I am still working on it to follow your other links.

Re: certificate/key database is in an old, unsupported forma

PostPosted: Apr 26th, '24, 09:05
by flink
Now I follow the Stackoverflow recommendations and end up here:


Code: Select all
 
[franz@franz-820 ~]$ certutil -L -d sql:${HOME}/.pki/nssdb 

Certificate Nickname                                         Trust Attributes
                                                             SSL,S/MIME,JAR/XPI

mkcert development CA 213017914528344141664923888219294936  C,,

[franz@franz-820 ~]$ mkcert -install
The local CA is already installed in the system trust store! 👍
ERROR: failed to execute "certutil -A -d dbm:/etc/pki/nssdb": exit status 255

certutil: function failed: SEC_ERROR_LEGACY_DATABASE: The certificate/key database is in an old, unsupported format.


certutil -L
certutil: function failed: SEC_ERROR_BAD_DATABASE: security library: bad database.

Re: certificate/key database is in an old, unsupported forma

PostPosted: Apr 26th, '24, 16:06
by doktor5000
You're still running the installation as regular user, no wonder you get an error for /etc/pki/nssdb due to missing write access.

Re: certificate/key database is in an old, unsupported forma

PostPosted: Apr 26th, '24, 18:31
by flink
Now I do the same as root user and get:


Code: Select all
[root@franz-820 ~]# mkcert -install
The local CA is already installed in the system trust store! 👍
The local CA is already installed in the Firefox and/or Chrome/Chromium trust store! 👍

[root@franz-820 ~]# certutil -L
certutil: function failed: SEC_ERROR_BAD_DATABASE: security library: bad database.
[root@franz-820 ~]#
:cry:


Code: Select all
[root@franz-820 ~]# certutil -A -d dbm:/etc/pki/nssdb
certutil -A: nickname is required for this command (-n).

Re: certificate/key database is in an old, unsupported forma

PostPosted: Jun 5th, '24, 10:33
by flink
This works.


Code: Select all
[root@franz-820 ~]# certutil -L -d sql:/etc/pki/nssdb 

Certificate Nickname                                         Trust Attributes
                                                             SSL,S/MIME,JAR/XPI

mkcert development CA 106724762252176102372202628437625727685 C,,

Re: certificate/key database is in an old, unsupported forma

PostPosted: Jun 5th, '24, 22:42
by flink
What must I do here?

Installed ddev bash completions in /home/linuxbrew/.linuxbrew/etc/bash_completion.d
zsh completion for ddev was not installed.

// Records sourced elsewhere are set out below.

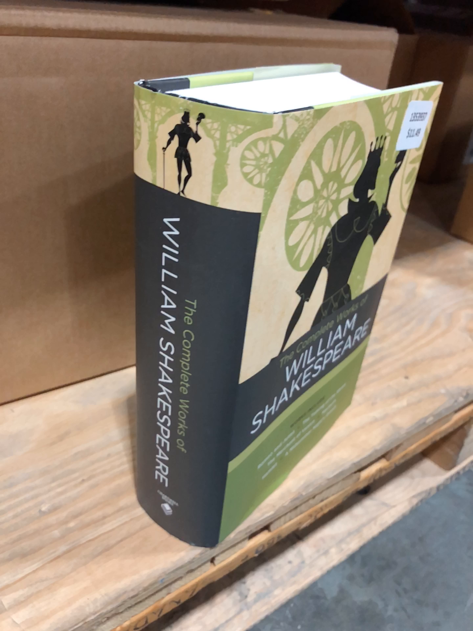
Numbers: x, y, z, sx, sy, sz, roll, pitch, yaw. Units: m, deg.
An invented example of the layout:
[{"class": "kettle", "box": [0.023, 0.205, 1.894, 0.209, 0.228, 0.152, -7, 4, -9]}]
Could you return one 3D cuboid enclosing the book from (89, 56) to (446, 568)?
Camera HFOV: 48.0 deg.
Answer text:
[{"class": "book", "box": [0.017, -0.011, 0.312, 0.080, 0.239, 0.182, 27, 37, 28]}]
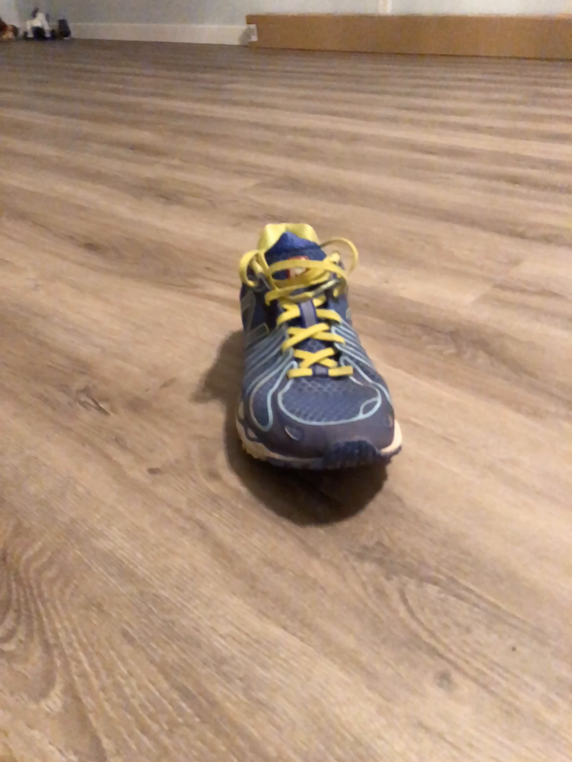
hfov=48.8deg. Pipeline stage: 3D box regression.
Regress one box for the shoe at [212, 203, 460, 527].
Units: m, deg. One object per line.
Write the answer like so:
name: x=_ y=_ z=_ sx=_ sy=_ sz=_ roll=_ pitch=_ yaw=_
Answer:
shoe: x=0.013 y=-0.033 z=0.426 sx=0.110 sy=0.099 sz=0.251 roll=-5 pitch=31 yaw=-6
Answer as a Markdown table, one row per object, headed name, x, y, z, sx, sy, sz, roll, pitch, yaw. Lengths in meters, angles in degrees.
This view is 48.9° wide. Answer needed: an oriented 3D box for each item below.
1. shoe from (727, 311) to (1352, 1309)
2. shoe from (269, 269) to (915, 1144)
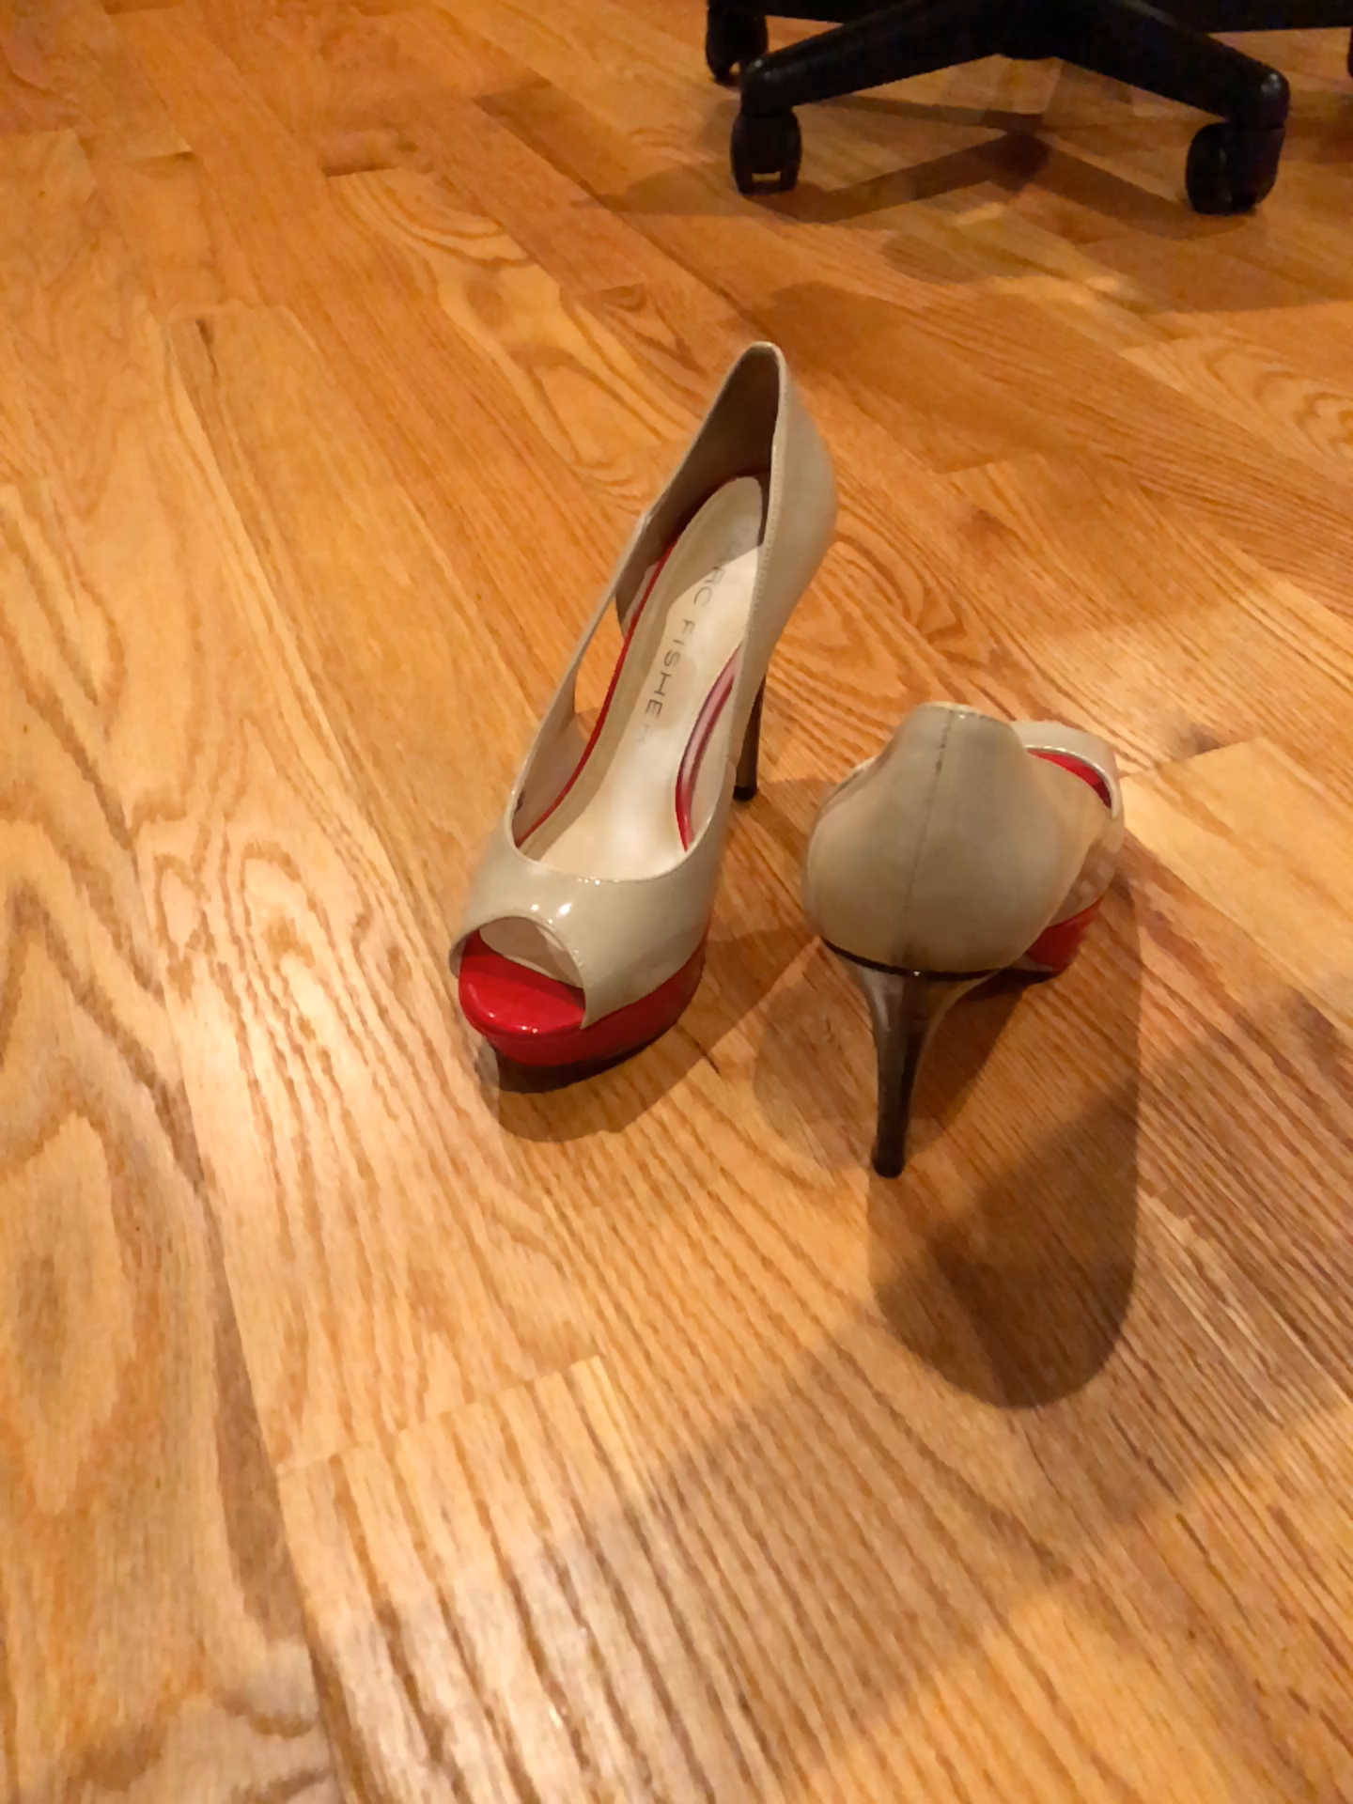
| name | x | y | z | sx | sy | sz | roll | pitch | yaw |
| --- | --- | --- | --- | --- | --- | --- | --- | --- | --- |
| shoe | 0.097 | -0.037 | 0.367 | 0.085 | 0.129 | 0.216 | 16 | 45 | 21 |
| shoe | -0.005 | -0.069 | 0.439 | 0.080 | 0.149 | 0.221 | 14 | 45 | 19 |
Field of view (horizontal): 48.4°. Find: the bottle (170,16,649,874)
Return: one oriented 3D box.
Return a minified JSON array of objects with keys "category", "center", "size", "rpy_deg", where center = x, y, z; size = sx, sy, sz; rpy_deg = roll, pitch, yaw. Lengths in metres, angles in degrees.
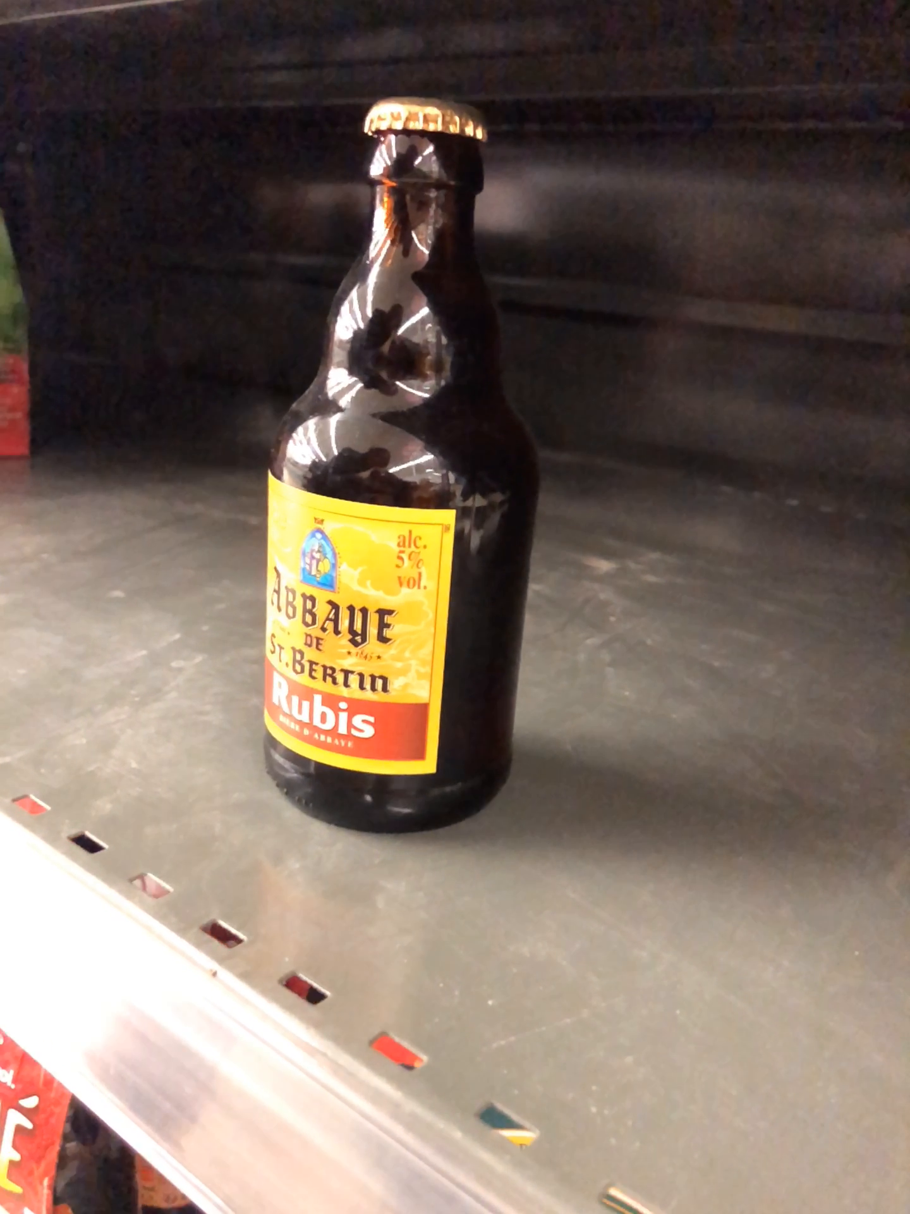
[{"category":"bottle","center":[-0.016,-0.038,0.250],"size":[0.080,0.169,0.070],"rpy_deg":[17,21,35]}]
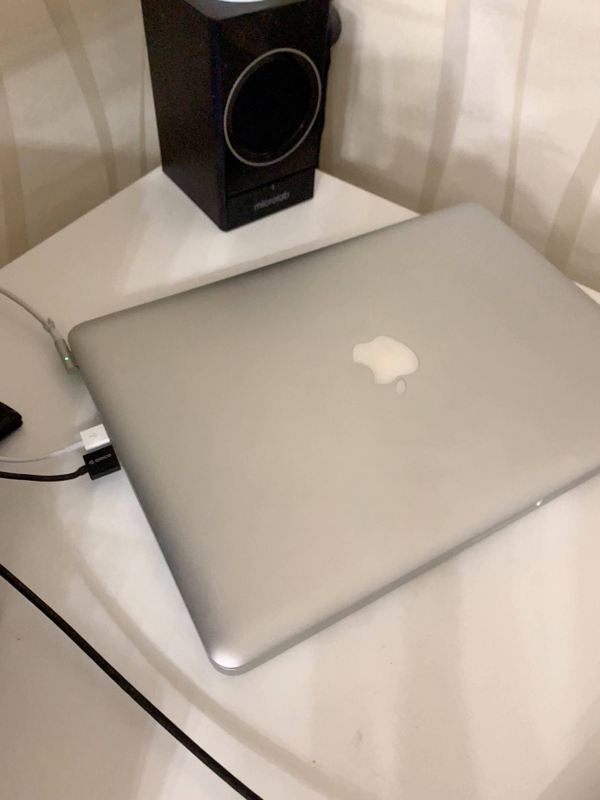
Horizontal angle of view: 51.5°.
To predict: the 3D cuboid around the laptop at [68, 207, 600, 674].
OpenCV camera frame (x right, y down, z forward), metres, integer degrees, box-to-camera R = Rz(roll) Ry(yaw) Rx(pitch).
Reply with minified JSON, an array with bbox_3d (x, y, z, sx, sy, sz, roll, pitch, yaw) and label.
[{"bbox_3d":[0.048,-0.017,0.374,0.306,0.007,0.218,-22,58,-22],"label":"laptop"}]
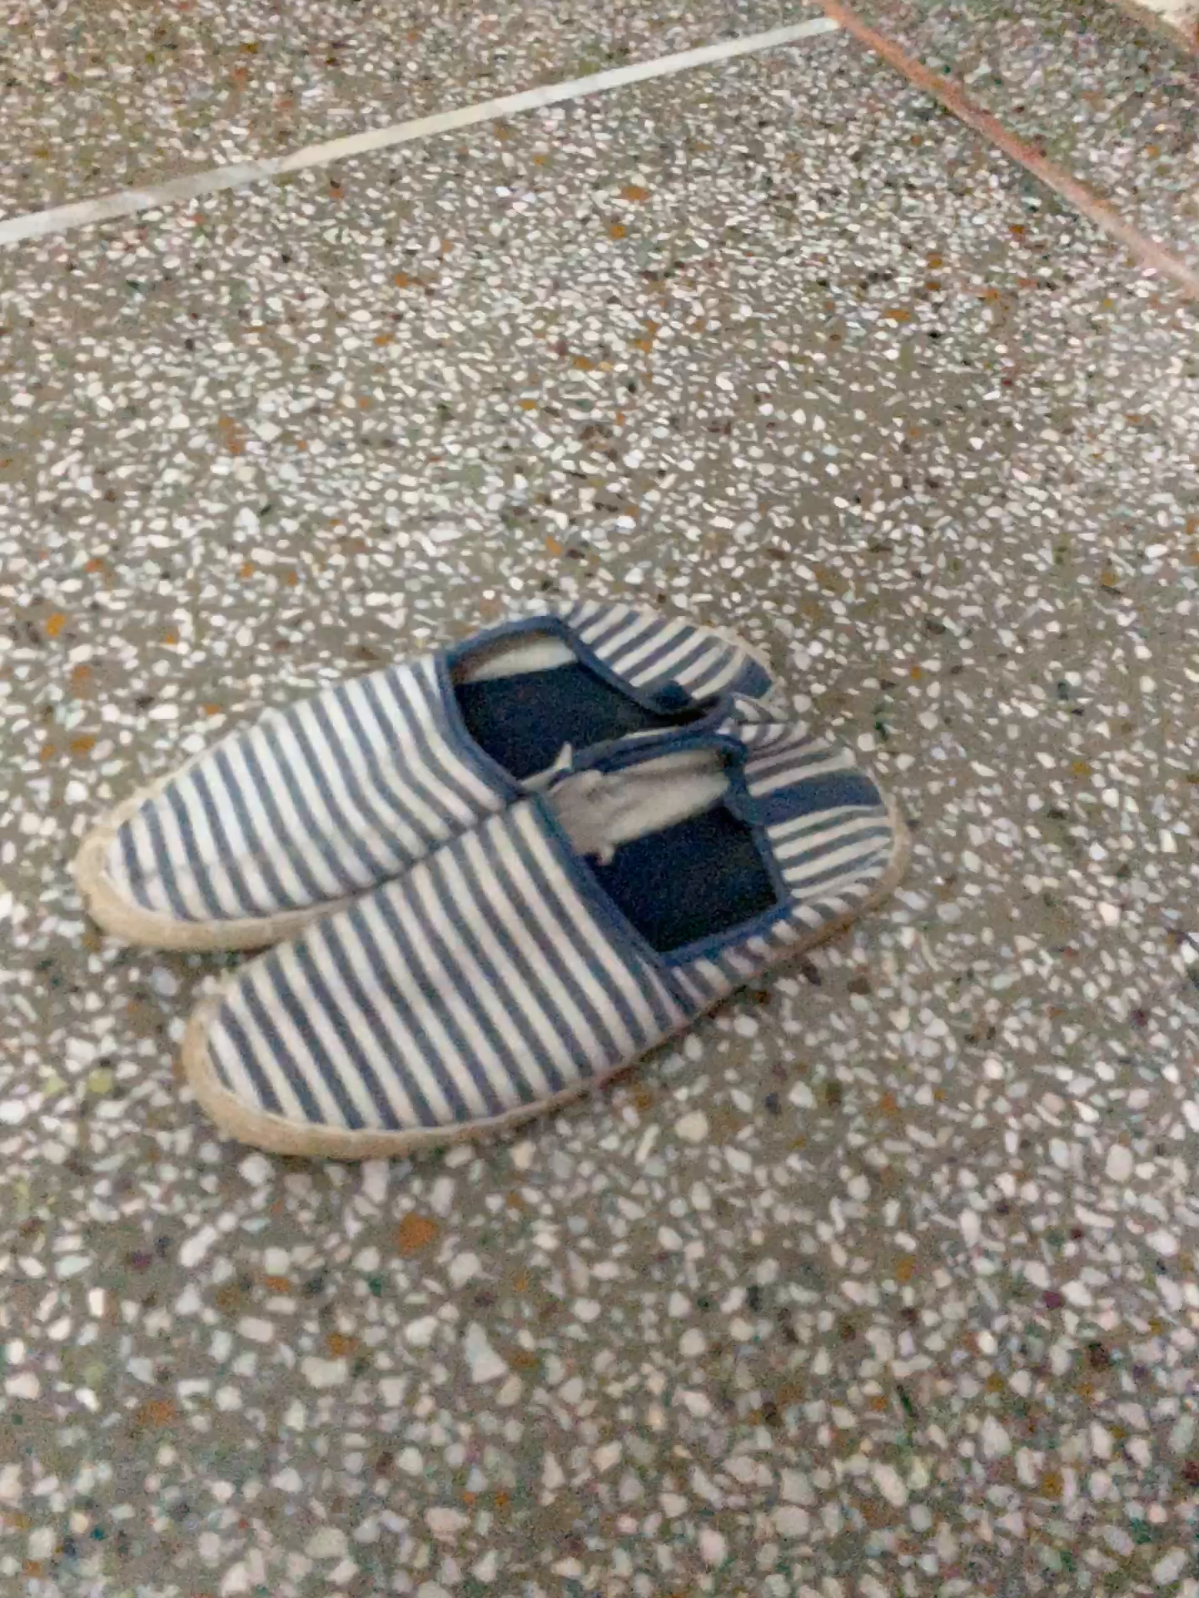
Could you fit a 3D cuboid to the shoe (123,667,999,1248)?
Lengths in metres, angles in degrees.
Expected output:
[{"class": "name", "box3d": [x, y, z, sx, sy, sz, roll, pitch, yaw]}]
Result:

You may manually install /tmp/ddev_zsh_completion.sh in your zsh-completions directory.


Which zsh_completion must I install to get the script running?

Code: Select all
[franz@franz-820 DDEV]$ sudo urpmi zsh_completion
No package named zsh_completion


install_ddev.sh

Re: certificate/key database is in an old, unsupported forma

PostPosted: Jun 6th, '24, 01:44
by Germ
search for zsh in rpmdrake. There are several zsh-completion packages. Don't know which one you need...

Re: certificate/key database is in an old, unsupported forma

PostPosted: Jun 8th, '24, 11:53
by doktor5000
If you don't use zsh as your shell no need to install anything.

Re: certificate/key database is in an old, unsupported forma

PostPosted: Jun 22nd, '24, 17:40
by flink
:o

Thank you for this hint. Then I am fine to use the bash and I install nothing for zsh.